Methods: As shown in Figure 1, we use the social robot NAO as a front end to interact with the participants. NAO can record the audio and video data together with the surrounding equipment, including microphones, high-definition video cameras, motion sensing input devices (e.g., Kinect produced by Microsoft), and eye-trackers. Emotion recognition can be either carried out by local processing at NAO or a third-party cloud platform, e.g., FACE++, which is a commercially-available facial recognition and image recognition service platform (https://www.faceplusplus.com.cn/). Local processing means NAO runs emotion recognition locally to identify the participants' emotions. Participants' emotions can be obtained via NAOQi interface, which is a hardware interface to control Nao using a web client.

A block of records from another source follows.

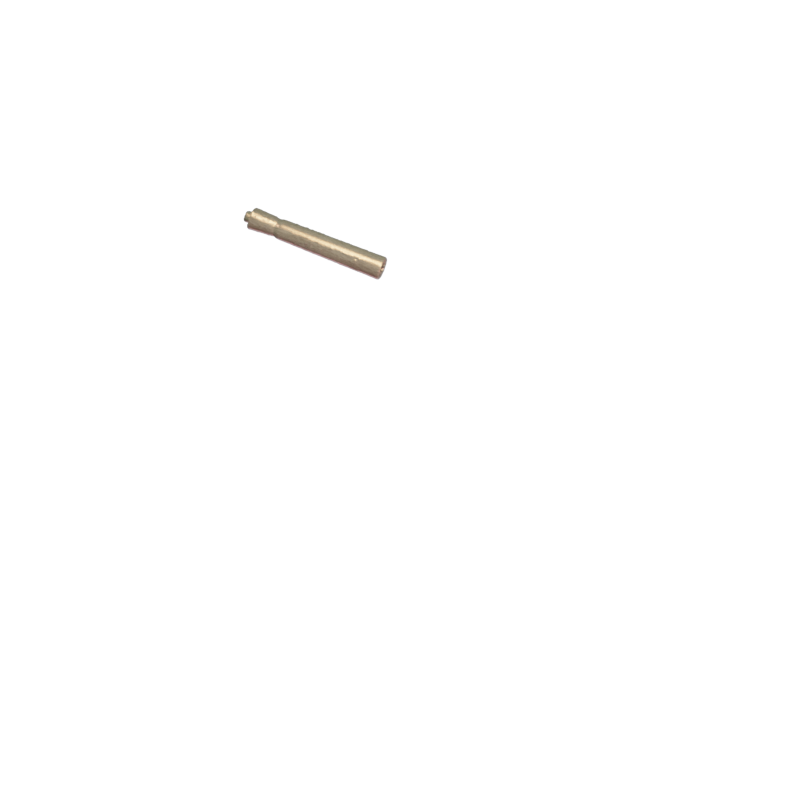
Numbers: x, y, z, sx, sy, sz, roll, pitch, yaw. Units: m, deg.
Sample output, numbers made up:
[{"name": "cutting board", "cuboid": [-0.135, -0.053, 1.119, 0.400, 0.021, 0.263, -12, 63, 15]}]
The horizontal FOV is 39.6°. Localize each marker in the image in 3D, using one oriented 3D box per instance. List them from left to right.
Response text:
[{"name": "marker", "cuboid": [-0.069, -0.127, 0.887, 0.124, 0.019, 0.019, 23, 9, 14]}]
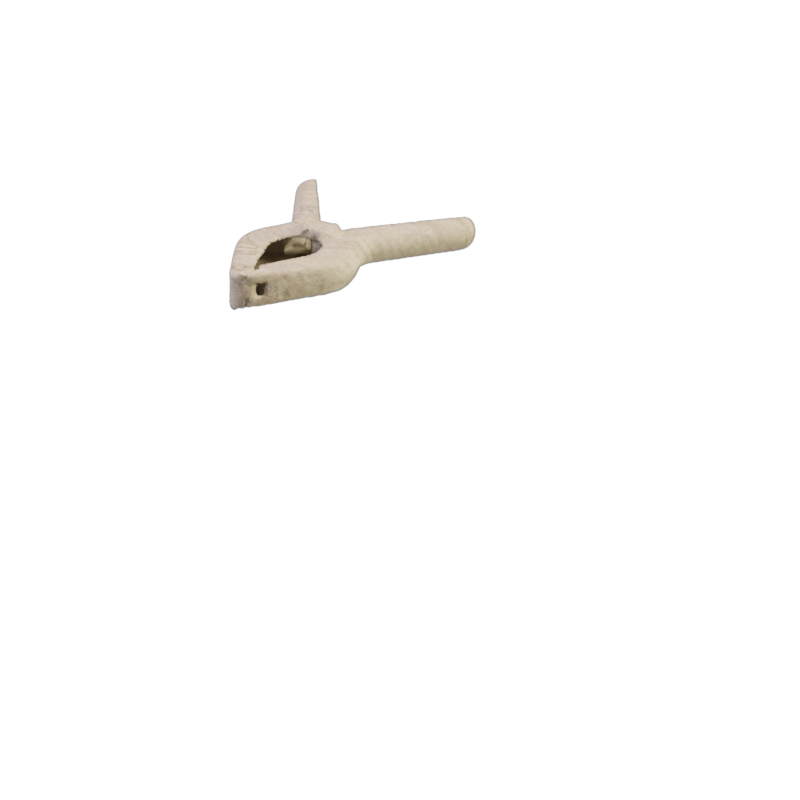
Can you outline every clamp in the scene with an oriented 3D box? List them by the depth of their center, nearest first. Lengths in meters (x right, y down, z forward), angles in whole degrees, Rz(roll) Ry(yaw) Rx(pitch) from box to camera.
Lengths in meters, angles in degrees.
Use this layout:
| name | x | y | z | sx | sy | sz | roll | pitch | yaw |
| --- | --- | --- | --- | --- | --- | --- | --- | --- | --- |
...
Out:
| name | x | y | z | sx | sy | sz | roll | pitch | yaw |
| --- | --- | --- | --- | --- | --- | --- | --- | --- | --- |
| clamp | -0.066 | -0.120 | 0.843 | 0.174 | 0.034 | 0.209 | 22 | 35 | 34 |
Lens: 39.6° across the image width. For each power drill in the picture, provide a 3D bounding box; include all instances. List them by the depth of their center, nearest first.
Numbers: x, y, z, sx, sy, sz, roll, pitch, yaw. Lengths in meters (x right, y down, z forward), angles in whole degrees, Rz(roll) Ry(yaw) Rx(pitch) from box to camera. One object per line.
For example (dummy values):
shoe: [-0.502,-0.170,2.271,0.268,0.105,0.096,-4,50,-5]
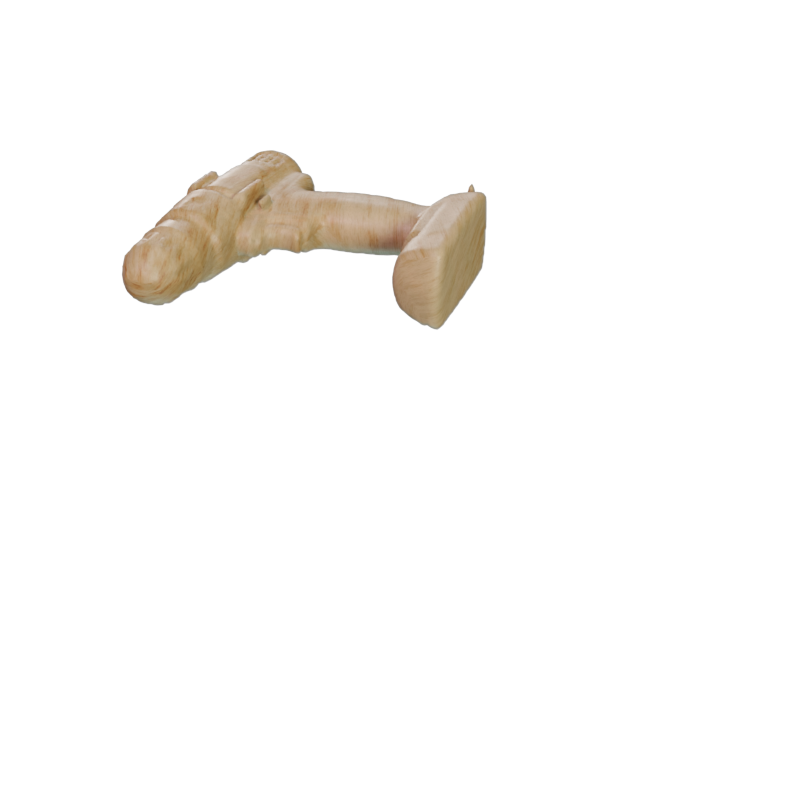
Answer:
power drill: [-0.053,-0.096,0.676,0.194,0.054,0.189,13,35,19]
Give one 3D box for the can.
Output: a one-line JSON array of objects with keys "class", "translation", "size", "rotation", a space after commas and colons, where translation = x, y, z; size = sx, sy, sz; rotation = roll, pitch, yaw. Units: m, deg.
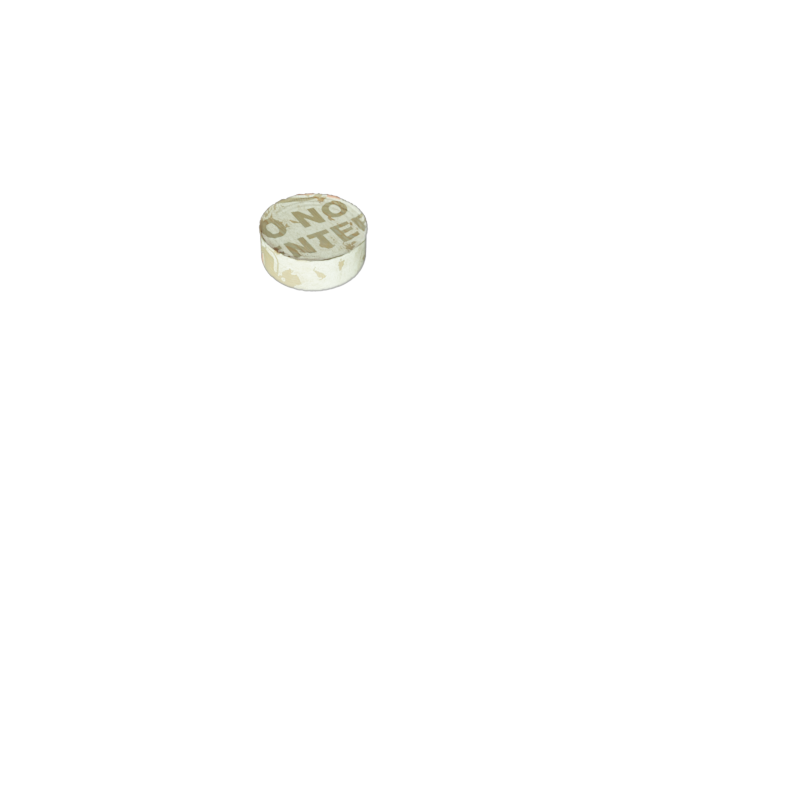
[{"class": "can", "translation": [-0.069, -0.126, 0.881], "size": [0.086, 0.031, 0.092], "rotation": [-1, 44, -1]}]

NAO can also upload its collected image data to FACE++ through Internet for emotion recognition. Apart from a third-party cloud platform, video and audio data can also be sent to our own data center for gesture recognition and other services.

Results: We measured the accuracy and total waiting time of emotion recognition, 10 times for each tested emotion. The total waiting time here is defined as the time duration from the moment of taking pictures by NAO to that Nao receives emotion information. The results for each emotion are listed in Table 1. The accuracy of emotion recognition carried out by Nao directly is not as good as FACE++, although the average total waiting time is much lower in local processing compared to using a third-party cloud platform. It is because the total waiting time is greatly affected by network delay when using a third-party cloud platform.

Conclusions: We have been working on adding emotion and gesture recognition functions on top of our existing cloud computing enabled social robot platform. The results revealed that using cloud computing certainly helped improving the quality of emotion recognition but suffering from higher response time. Improving Internet connection or pushing computing facility close to the user end (referred to as edge/fog computing) can be a potential solution to address the latency issue in our connected robot platform.